Escape Speed of a Satellite

[brometheus]

A satellite of mass 7500 kg orbits the Earth in a circular orbit of radius of 7.3(10^6) m (this is above the Earth's atmosphere). The mass of the Earth is 6.0(10^24) kg.

What is the minimum amount of energy required to move the satellite from this orbit to a location very far away from the Earth?


We are supposed to employ the Energy Principle to solve this problem, so we start with:

K_i + U_i = K_f + U_f

We know that K (at low speeds) = (1/2)*m*(v^2) and U = -GmM/r


Using the Energy Principle, we know that

K_f - K_i = U_i - U_f

ΔK = -ΔU = -GmM[(1/r_f) - (1/r_i)]

Since r_f is very large, ΔK = GmM(1/r_i)

Using accepted and aforementioned values,
ΔK = [6.7(10^-11) * 7500 * 6(10^24)]/[7.3(10^6)]

This got me approximately 4.13(10^11)J, which is apparently incorrect. What am I doing wrong?

 

[Andrew Mason]

A satellite of mass 7500 kg orbits the Earth in a circular orbit of radius of 7.3(10^6) m (this is above the Earth's atmosphere). The mass of the Earth is 6.0(10^24) kg.

What is the minimum amount of energy required to move the satellite from this orbit to a location very far away from the Earth?We are supposed to employ the Energy Principle to solve this problem, so we start with:

K_i + U_i = K_f + U_f

We know that K (at low speeds) = (1/2)*m*(v^2) and U = -GmM/rUsing the Energy Principle, we know that

K_f - K_i = U_i - U_f

ΔK = -ΔU = -GmM[(1/r_f) - (1/r_i)]

Since r_f is very large, ΔK = GmM(1/r_i)

Using accepted and aforementioned values,
ΔK = [6.7(10^-11) * 7500 * 6(10^24)]/[7.3(10^6)]

This got me approximately 4.13(10^11)J, which is apparently incorrect. What am I doing wrong?

You are forgetting that it already has kinetic energy.

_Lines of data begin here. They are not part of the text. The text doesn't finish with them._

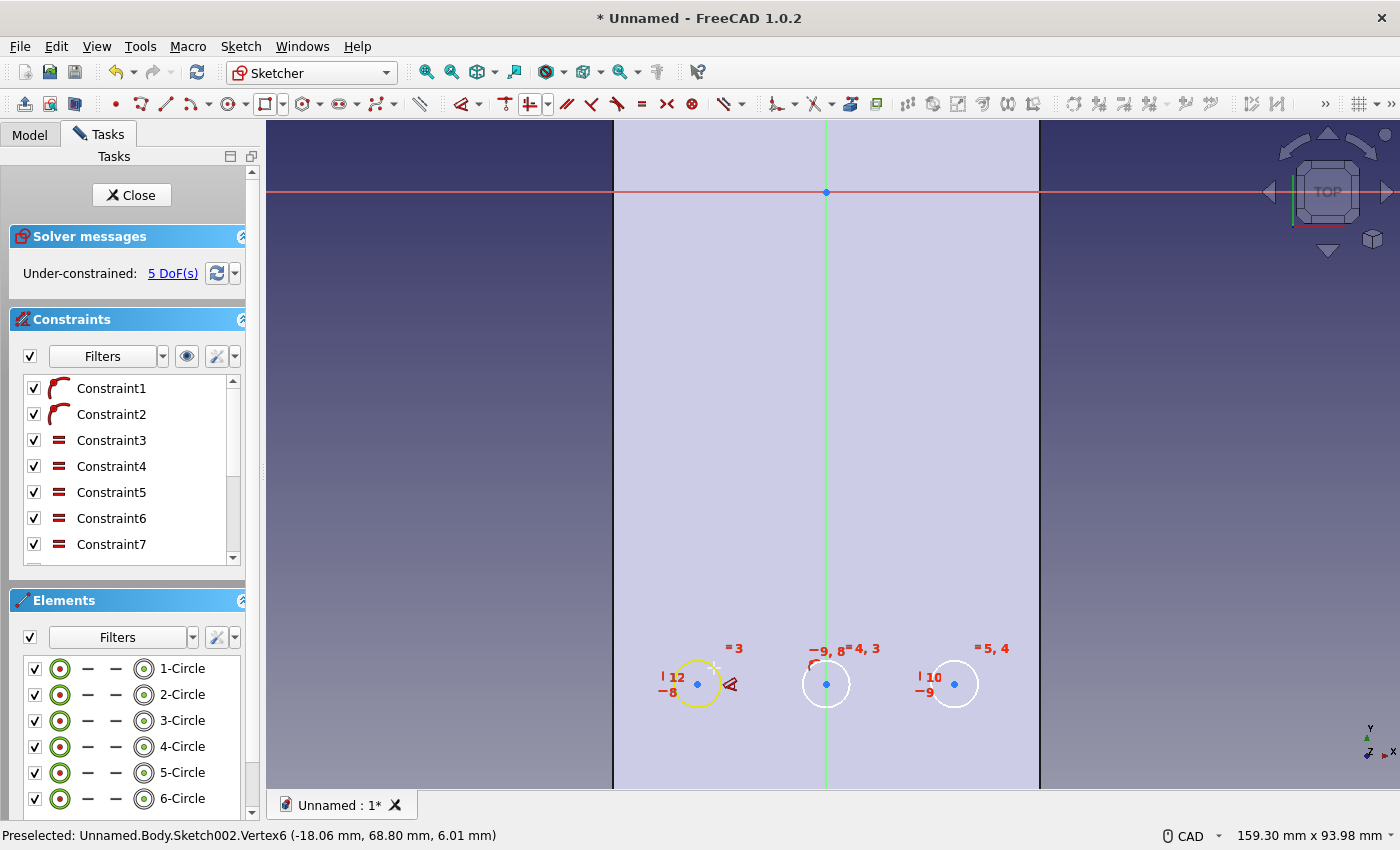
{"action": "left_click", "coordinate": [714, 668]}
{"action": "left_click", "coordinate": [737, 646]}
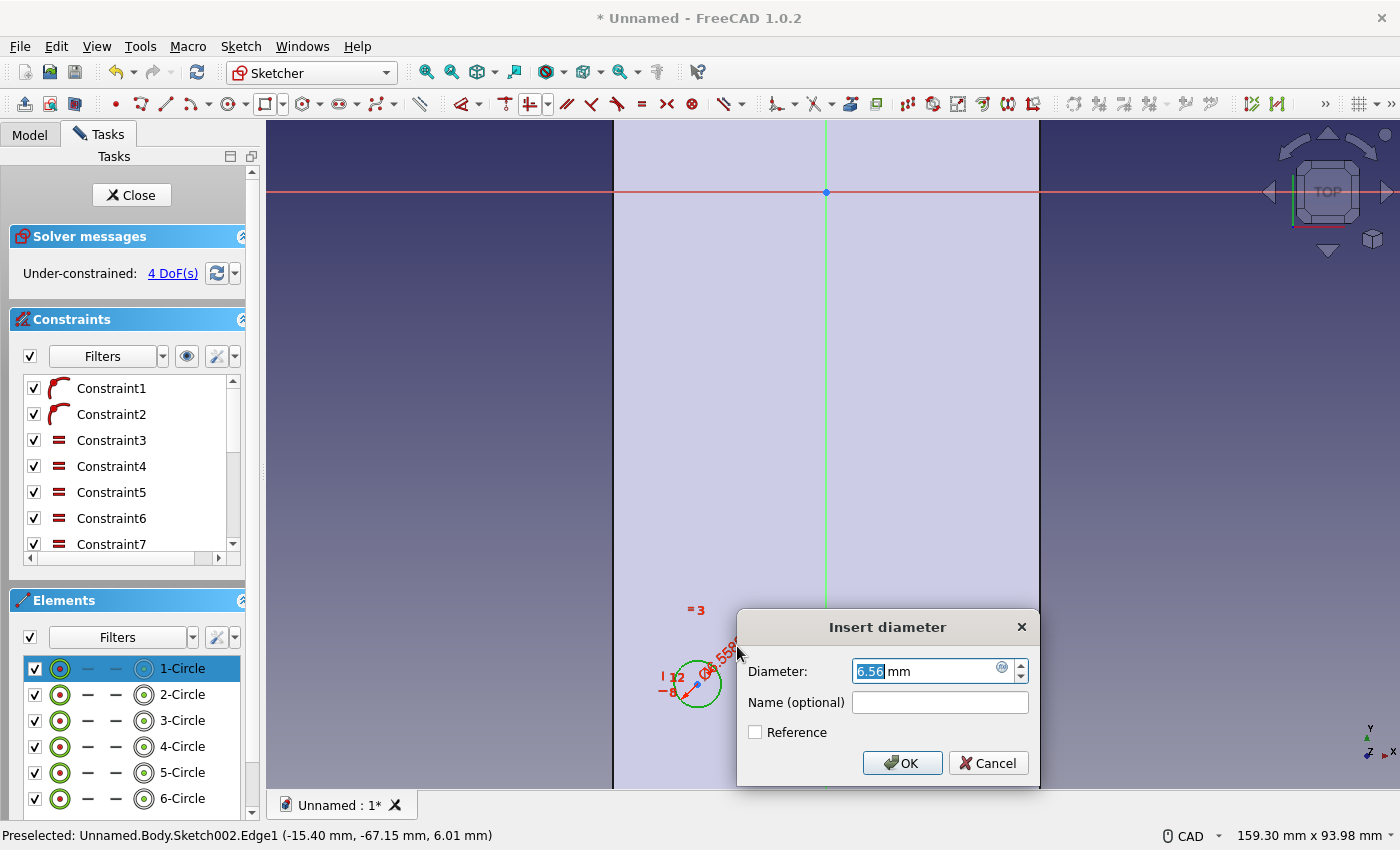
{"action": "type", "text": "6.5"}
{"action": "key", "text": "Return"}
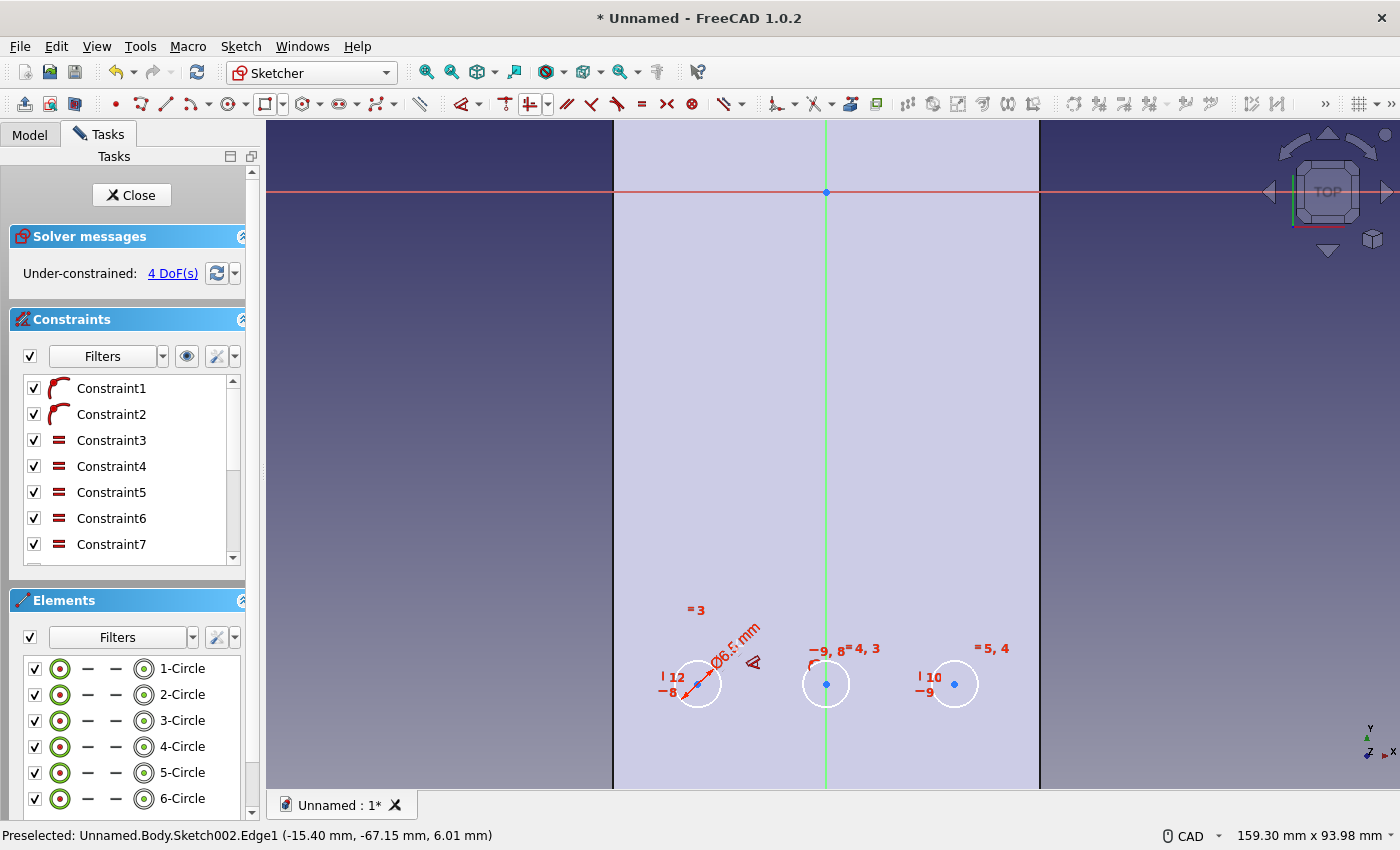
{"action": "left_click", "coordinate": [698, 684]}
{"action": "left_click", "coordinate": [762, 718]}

If it gained GmM/R in kinetic energy it would have more than enough energy to escape.

In order to escape, it has to have just enough kinetic energy to get to an arbitrarily large distance from the Earth ie. where it has 0 kinetic and 0 potential energy.

So the condition for escape is: KE_∞ + U_∞ = 0

Can you write the equation for KE_r+ U_r (hint: if there are no external forces acting, does KE + U change?)

Welcome to PF by the way!

AM

 

[Alioth]

the binding energy of a satellite moving in an orbit is GMm/2r. so i think you ought to divide your answer by 2. [4.13*(10^11)] will be the answer if it is at rest on the Earth's surface.
PS: i am new here. could you please tell me how to start a new thread?

 

[brometheus]

Ah, okay, that makes sense now. Thanks for your help, and the warm welcome!

To start a new thread I just went to the specific forum (Introductory Physics in this case) and clicked "New Topic" at the top right. It's in the same location as "New Reply" on this page.

 

[Nickie]

It seems like you have made a slight error in your calculation. The correct value for the change in kinetic energy should be 4.13(10^7)J, not 4.13(10^11)J. This is because the units for the mass of the satellite should be in kilograms (kg), not grams (g). So the correct calculation would be:

ΔK = [6.7(10^-11) * 7500 * 6(10^24)]/[7.3(10^6)] = 4.13(10^7)J

This means that the minimum amount of energy required to move the satellite from its current orbit to a location very far away from the Earth is 4.13(10^7)J. This energy is known as the escape energy or escape velocity.

To put this into perspective, the escape velocity for the Earth is approximately 11.2 km/s. This means that the satellite would need to be accelerated to a speed of at least 11.2 km/s to escape the Earth's gravitational pull and travel to a location far away from the Earth.

It is important to note that this calculation assumes there is no external force acting on the satellite, such as the thrust from a rocket. In reality, a satellite would need to overcome not only the Earth's gravitational pull, but also the drag and atmospheric resistance from the Earth's atmosphere.